KING OF FISH
Orri Vigfússon has been a stalwart protector of wild salmon
Orri Vigfússon, the Icelander who founded t he North Atlantic Salmon Fund, has announced he is slowing down. Nothing will affect the protection of wild salmon as much as even a faltering in Vigfússon’s legendary pace and drive.
He has relentlessly pursued a mission with which his name has become synonymous. It was he who in the 1980s recognised the damage being done off Greenland by the winter fishery for fattening salmon, both American and European springers, by small offshore boats.
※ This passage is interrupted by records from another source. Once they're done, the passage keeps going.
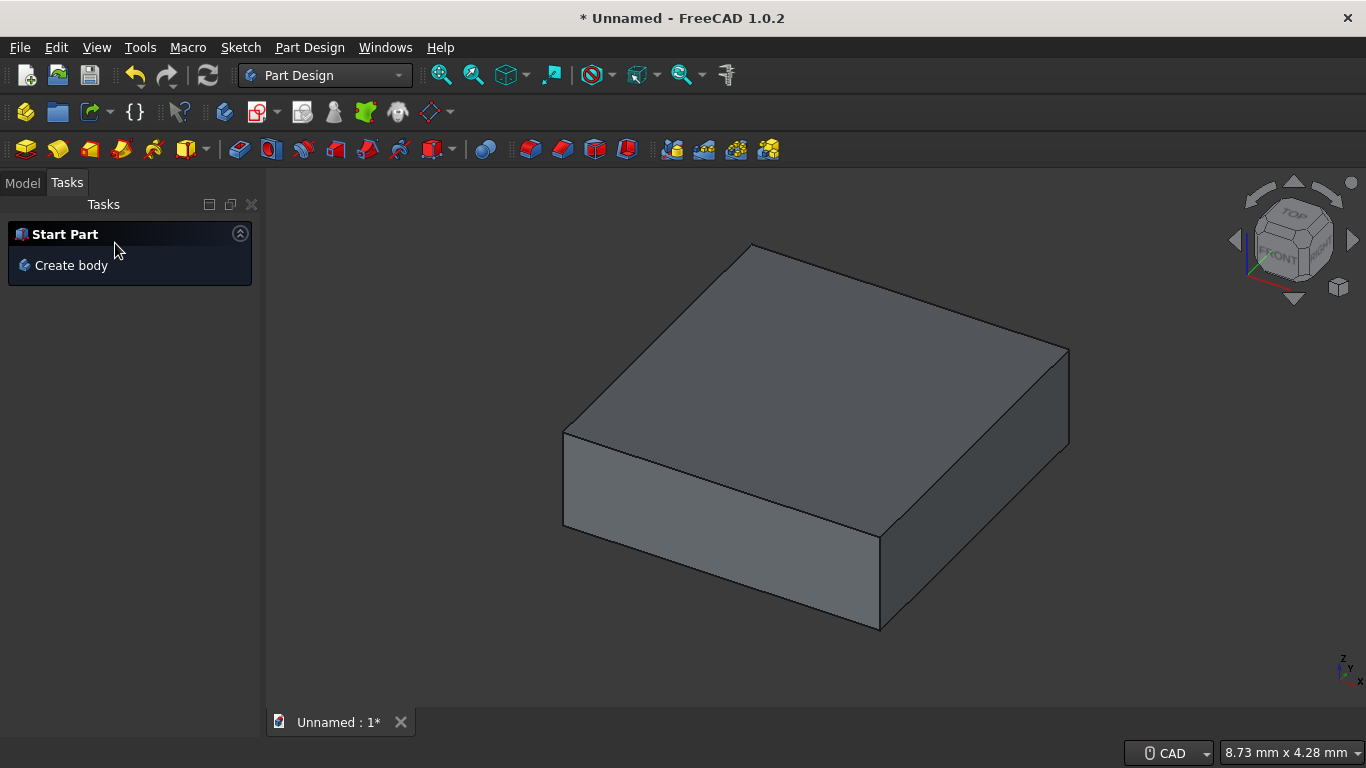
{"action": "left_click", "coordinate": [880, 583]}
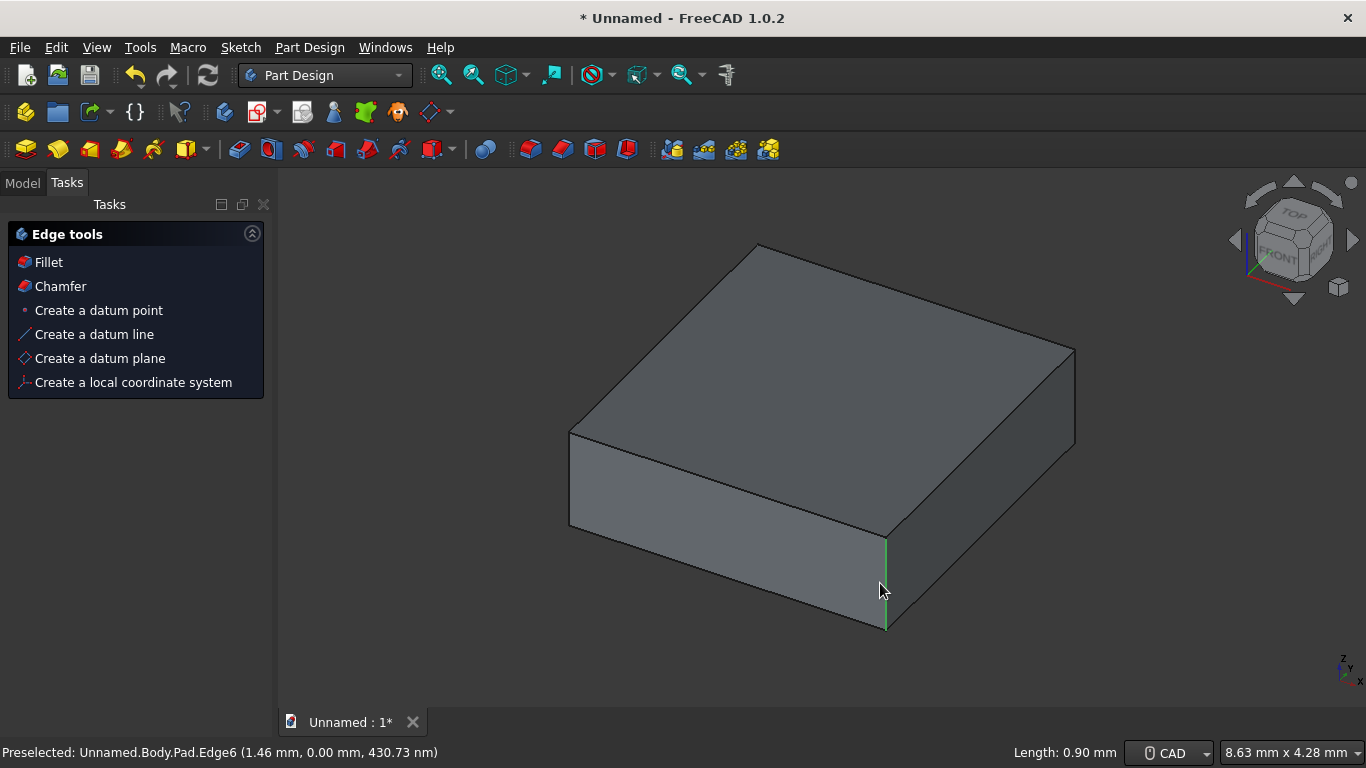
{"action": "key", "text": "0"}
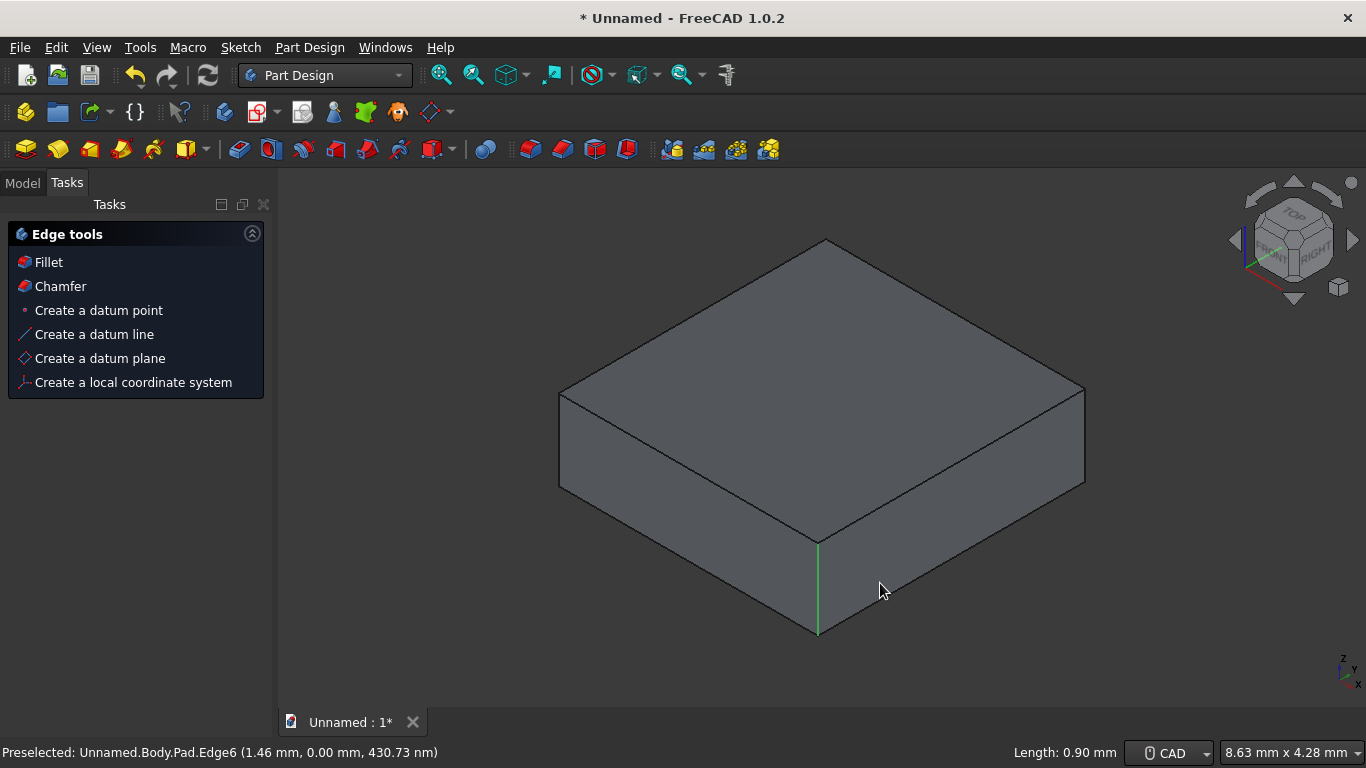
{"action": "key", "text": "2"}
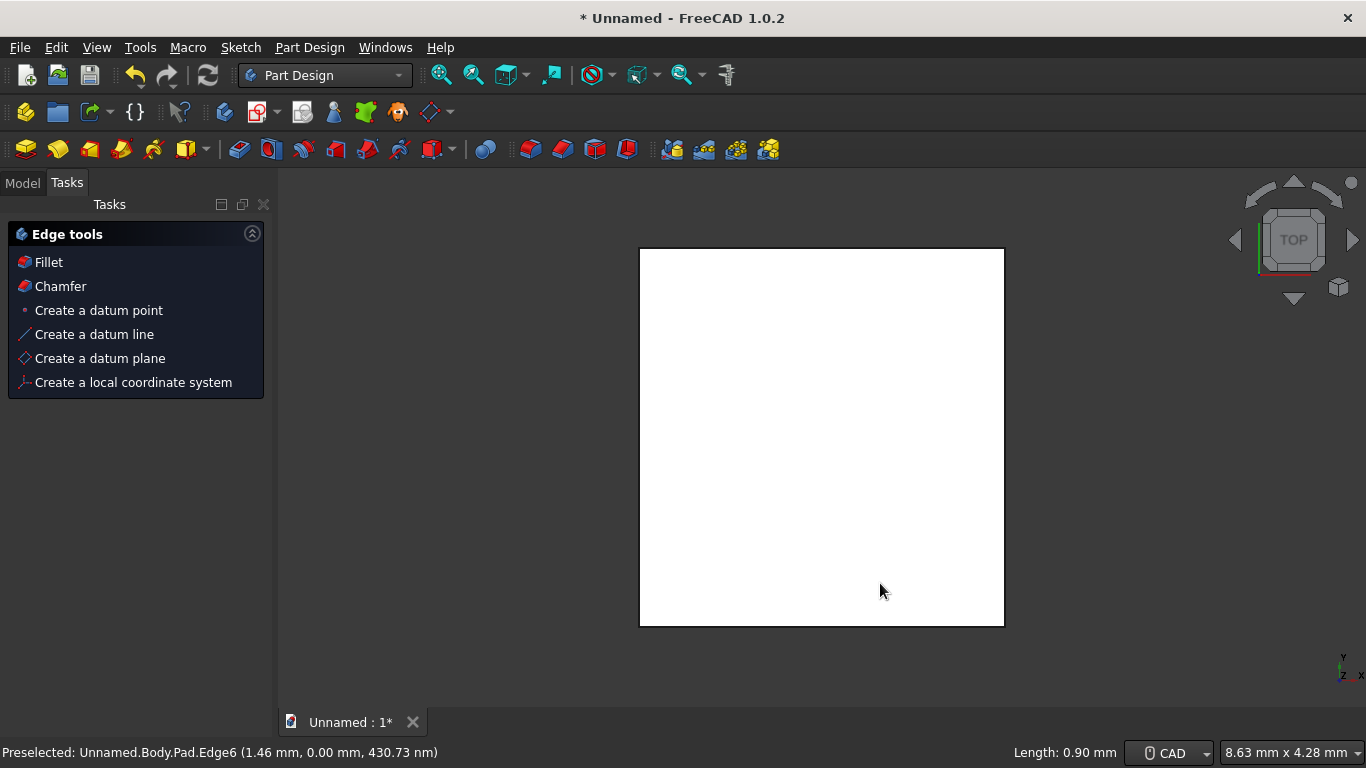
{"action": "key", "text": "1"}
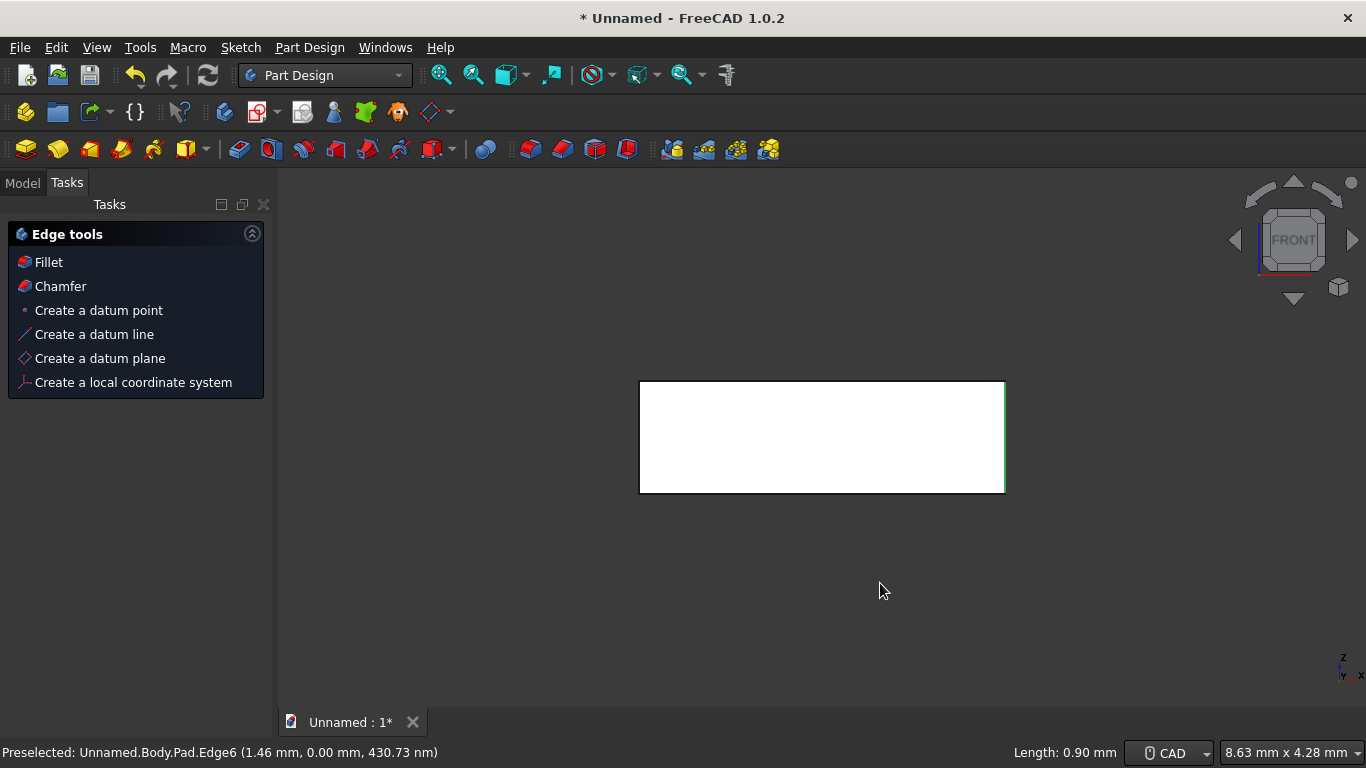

He saw what the long-line salmon capture off the Faeroes could do to European salmon and grilse, and he understood the impact of the multiple indiscriminate net fisheries around Ireland and Britain.
Others recognised this too, but Vigfússon’s response was the canny one because he understood that the solution was commercial. His key concept was that all participants had a genuine right to the fishery. If Inuits with no alternative income netted salmon which bred in Europe, why shouldn’t they? They had a right, like mackerel fishers off Scotland, to harvest a migrating crop. He viewed them not as poachers, but as stakeholders.
Vigfússon used business reasoning, paying fishermen and netsmen for capping
‘Vigfússon understood that the solution was commercial and that all participants had a genuine right to the fishery’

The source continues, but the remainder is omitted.